An apiary of four colonies was placed at the field edge of each soybean field (5 per landscape category per year) that was managed using conventional practices with regards to pesticides (fungicides and herbicides), fertilizer, and tillage use. Because honey bees have been estimated to mainly forage (around 90% visitation) for pollen within a 1.6-km radius of their colonies in agricultural landscapes (Couvillon et al. 2014, Danner et al. 2014), we selected fields such that any two apiaries were at least 3.2 km apart from each other. In this way, we attempted to limit overlapping honey bee foraging ranges between fields of different landscapes so that the pollen collected from each apiary could be considered independent. This distance resulted in average colony weight varying significantly between apiaries kept at soybean fields in low versus high cultivation landscapes (Dolezal et al. 2019a).

Honey bee apiaries

An apiary of four colonies housed in Langstroth hives was placed together on a wooden pallet at the field edge of each soybean field. These colonies were part of the larger experiment and a more detailed response of colonies to the two landscape categories is described in terms of differences in colony weight, brood amount, adult bee population (Dolezal et al. 2019a). To reduce the potential negative effect of pollen traps on colony health, only one of the four colonies at each field was used to measure pollen collection, but the management was the same for all colonies within an apiary.

Apiaries were first established at an Iowa State University (ISU) farm and then distributed to our study fields on 10 June 2015 and 23 May 2016. In 2015, the colonies were started from 0.9 kg packages of bees (about 7,000 bees); while in 2016, colonies were started from nucleus colonies consisting of approximately three frames of worker bees (similar amount to 2015). To reduce variation due to genetic lineage, queens used in all colonies in both years were Apis mellifera ligustica. Each colony was inspected once every 14 d as part of a standard protocol to measure colony health, including checking for the presence of the queen. If we did not observe the queen or sign of her activities (i.e., egg or young larvae), the colony was re-queened within 1–2 d with a queen from the same commercial source from which colonies were derived. Colonies were not fed supplementary feed throughout the experiment. Other apiary management details were demonstrated in another journal publication (Dolezal et al. 2019a).

Pollen collection

One colony in each apiary was randomly selected to receive a pollen trap attached to the colony entrance (Brushy Mountain Bee Supply, Wilsonville, OR). Foraging honey bees must enter the trap to return to the colony entrance, and a plastic plate with many star-shaped holes in the trap pulls pollen pellets from corbiculae of individual bees. Dislodged pollen pellets fall into a basket under the trap. When not in use, the plastic plate was removed, allowing foragers to return undisturbed into the colony.

In total, 10 pollen collections were taken from July to September in 2015, and 13 from June to September in 2016. Those pollen collections resulted into 100 pollen samples in 2015 and 130 samples in 2016. Pollen traps were opened for 24 h on each collection without rain. After the nonpollen debris was removed, pollen samples were weighed and stored at −20°C for later taxonomic identification.

Pollen identification

We used a compound light microscope to view morphological features of the pollen grains to identify from which plant species they were collected. A 2-g subsample of pollen collected at each field and date was first sorted according to color. Pollen of different colors was weighed and dissolved in Caberla’s solution using fuschin dye and then mounted onto glass slides. To identify pollen to the lowest taxonomic level, pollen from the traps was compared to pollen extracted from flowers obtained from the study areas during the period when pollen traps were open. Pollen types that were not identified based on this reference collection were recorded as unknown and given a separate morpho-species designation. Pollen diversity was assessed by species richness (number of plant taxa represented by the pollen) and the species richness and evenness of plant taxa represented in a collection was assessed using Shannon’s diversity index.
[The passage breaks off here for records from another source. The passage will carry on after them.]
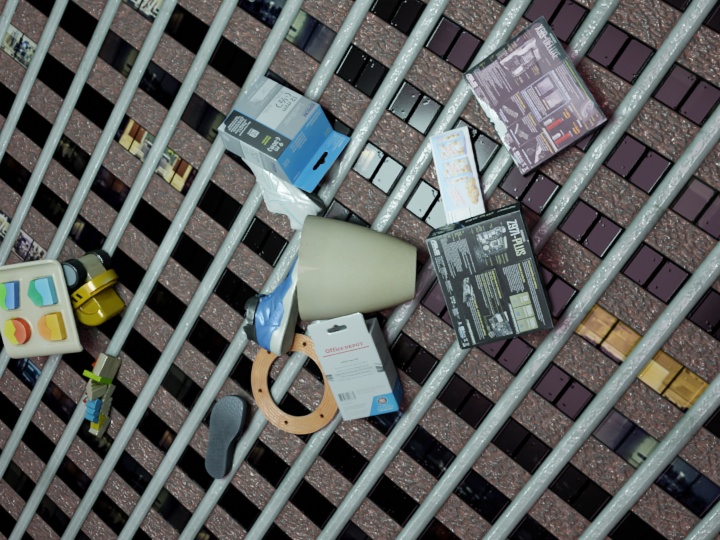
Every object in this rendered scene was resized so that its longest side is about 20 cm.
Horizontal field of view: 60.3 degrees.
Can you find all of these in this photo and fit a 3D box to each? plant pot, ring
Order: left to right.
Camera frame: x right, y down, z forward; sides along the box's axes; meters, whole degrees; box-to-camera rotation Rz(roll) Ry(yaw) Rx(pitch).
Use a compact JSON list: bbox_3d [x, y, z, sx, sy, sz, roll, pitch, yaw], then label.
[{"bbox_3d":[-0.127,0.225,1.235,0.196,0.019,0.205,2,95,19],"label":"ring"},{"bbox_3d":[0.000,0.000,1.098,0.196,0.187,0.192,3,96,5],"label":"plant pot"}]

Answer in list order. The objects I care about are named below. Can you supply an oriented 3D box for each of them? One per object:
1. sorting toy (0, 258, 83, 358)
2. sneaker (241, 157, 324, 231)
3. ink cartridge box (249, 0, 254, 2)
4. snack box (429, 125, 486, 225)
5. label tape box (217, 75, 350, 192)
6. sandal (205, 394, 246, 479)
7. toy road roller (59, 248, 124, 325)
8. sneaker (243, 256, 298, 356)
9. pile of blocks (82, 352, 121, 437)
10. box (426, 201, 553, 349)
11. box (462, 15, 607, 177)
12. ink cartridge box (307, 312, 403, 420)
[{"bbox_3d":[-0.675,0.084,1.270,0.181,0.037,0.204,-7,104,14],"label":"sorting toy"},{"bbox_3d":[-0.164,-0.156,1.184,0.200,0.070,0.081,43,109,10],"label":"sneaker"},{"bbox_3d":[-0.182,-0.602,1.120,0.067,0.116,0.201,42,106,9],"label":"ink cartridge box"},{"bbox_3d":[0.176,-0.144,1.091,0.071,0.024,0.204,-11,92,20],"label":"snack box"},{"bbox_3d":[-0.137,-0.250,1.132,0.198,0.066,0.144,28,69,16],"label":"label tape box"},{"bbox_3d":[-0.280,0.339,1.292,0.075,0.043,0.203,30,114,21],"label":"sandal"},{"bbox_3d":[-0.605,0.062,1.333,0.198,0.123,0.147,-33,96,18],"label":"toy road roller"},{"bbox_3d":[-0.166,0.052,1.201,0.110,0.077,0.204,20,97,20],"label":"sneaker"},{"bbox_3d":[-0.589,0.270,1.365,0.061,0.082,0.204,16,101,16],"label":"pile of blocks"},{"bbox_3d":[0.219,0.010,1.044,0.161,0.086,0.203,-17,99,19],"label":"box"},{"bbox_3d":[0.285,-0.284,1.026,0.156,0.050,0.202,-33,85,19],"label":"box"},{"bbox_3d":[-0.007,0.164,1.134,0.114,0.067,0.203,-14,108,19],"label":"ink cartridge box"}]

Measuring the Effect of Variation in Pollen Diet on Honey Bee Immune Health

To test if pollen from the most commonly collected species within the central Iowa landscape affected honey bees’ resistance to viral infection, we conducted a laboratory-based experiment on the campus of ISU in 2017. There were two experimental factors: virus infection (two levels; present or absent) and diet source (four levels; described below), accounting for eight treatments, with 24 replicates per treatment for a total of 192 experimental units. Each experimental unit consisted of a cage containing 30 newly emerged honey bees.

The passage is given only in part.